Today, we’ll look at three examples:

  • A post by Ben Caspit, who defines himself as “right-ish” (though many would question that description), in which he is effusive in his praise of the “Brothers in Arms” group that was, of course, one of the mainstays of the protest moment.

  • We’ll see a column from Makor Rishon this past Friday. Makor Rishon is Israel’s intellectual, right-leaning and religious newspaper. Emunah Elon writes for Makor Rishon regularly. An accomplished novelist and award-winning feminist activist, she was once a writer for Yediot Ahronot, Israeli’s widest selling daily newspaper. But she left the paper when it endorsed the Disengagement from Gaza in 2005, and over her objections to its characterizations of settlers.

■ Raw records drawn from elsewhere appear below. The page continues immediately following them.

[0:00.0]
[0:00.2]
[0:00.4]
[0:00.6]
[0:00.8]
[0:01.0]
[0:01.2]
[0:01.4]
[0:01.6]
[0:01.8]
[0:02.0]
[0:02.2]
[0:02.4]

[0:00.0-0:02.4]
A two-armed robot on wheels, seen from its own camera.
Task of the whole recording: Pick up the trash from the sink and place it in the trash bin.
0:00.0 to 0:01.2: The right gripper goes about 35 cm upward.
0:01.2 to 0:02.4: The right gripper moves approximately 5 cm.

Later, she began writing regularly for Yisrael Hayom, the distinctly pro-Bibi newspaper established by Sheldon Adelson. (We’ve produced a quick translation of her column from Friday below.)

  • Finally, what I thought was an astounding moment in the Channel 14 studio (Channel 14 is Israel’s rough equivalent of Fox News, though the two are not entirely parallel). In the clip, Shai Goldin, a well known writer and journalist, hard-right in no uncertain terms, has an unbelievable encounter with a guest on the show, whom he then throws out of the studio. And Goldin then goes fairly nuclear in explaining why he did it. To me, it’s incredible. It’s a new Israel, is all one can say—is all one can hope.

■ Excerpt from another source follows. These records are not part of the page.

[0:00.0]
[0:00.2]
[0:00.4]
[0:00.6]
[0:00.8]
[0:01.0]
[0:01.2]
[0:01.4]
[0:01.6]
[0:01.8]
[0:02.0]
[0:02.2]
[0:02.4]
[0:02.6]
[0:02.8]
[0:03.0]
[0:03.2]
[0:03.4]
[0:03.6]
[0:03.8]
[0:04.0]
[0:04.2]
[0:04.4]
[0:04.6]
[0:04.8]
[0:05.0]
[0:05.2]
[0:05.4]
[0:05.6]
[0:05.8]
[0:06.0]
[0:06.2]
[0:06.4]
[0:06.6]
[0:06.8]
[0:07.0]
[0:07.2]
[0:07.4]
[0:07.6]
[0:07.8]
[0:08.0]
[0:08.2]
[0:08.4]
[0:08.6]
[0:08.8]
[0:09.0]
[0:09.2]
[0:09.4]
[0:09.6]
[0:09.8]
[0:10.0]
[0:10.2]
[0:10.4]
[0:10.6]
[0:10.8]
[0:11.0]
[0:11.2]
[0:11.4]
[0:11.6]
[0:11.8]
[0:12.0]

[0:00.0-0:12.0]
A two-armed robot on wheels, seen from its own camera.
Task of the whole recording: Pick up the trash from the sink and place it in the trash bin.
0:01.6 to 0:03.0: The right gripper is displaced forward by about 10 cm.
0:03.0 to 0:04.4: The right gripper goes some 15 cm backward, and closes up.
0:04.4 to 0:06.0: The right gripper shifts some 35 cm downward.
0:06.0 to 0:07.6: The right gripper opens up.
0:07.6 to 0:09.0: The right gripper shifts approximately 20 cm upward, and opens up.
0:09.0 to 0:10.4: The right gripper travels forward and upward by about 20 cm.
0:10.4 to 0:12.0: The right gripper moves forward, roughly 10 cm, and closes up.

Ben Caspit on the “Brothers in Arms”

We’ll just translate the tweet. It requires no commentary.

So, the operation that “Brothers in Arms” created is an insane event. They have for all intents and purposes become the Home Front Command. They are the ones who are checking the shipments of ceramic vests [essentially flack jackets] that are now streaming to Israel. They do ballistic tests on them, check that they’re up to standards (yes, they actually shoot at samples of each shipment that arrives), then they sew them, re-pack them, and pass them onto the IDF. It’s insane.


Israelis are facing an unfolding horror. If you would like to share our conversation about what they are feeling and what is happening that the English press can’t cover, please subscribe today.


Emuna Elon in Makor Rishon: “For We Are All Guilty”

In a different world— the world that we lived in until last week— the most pressing question was whether or not there would be separation by gender on Simchat Torah in Dizengoff Square. 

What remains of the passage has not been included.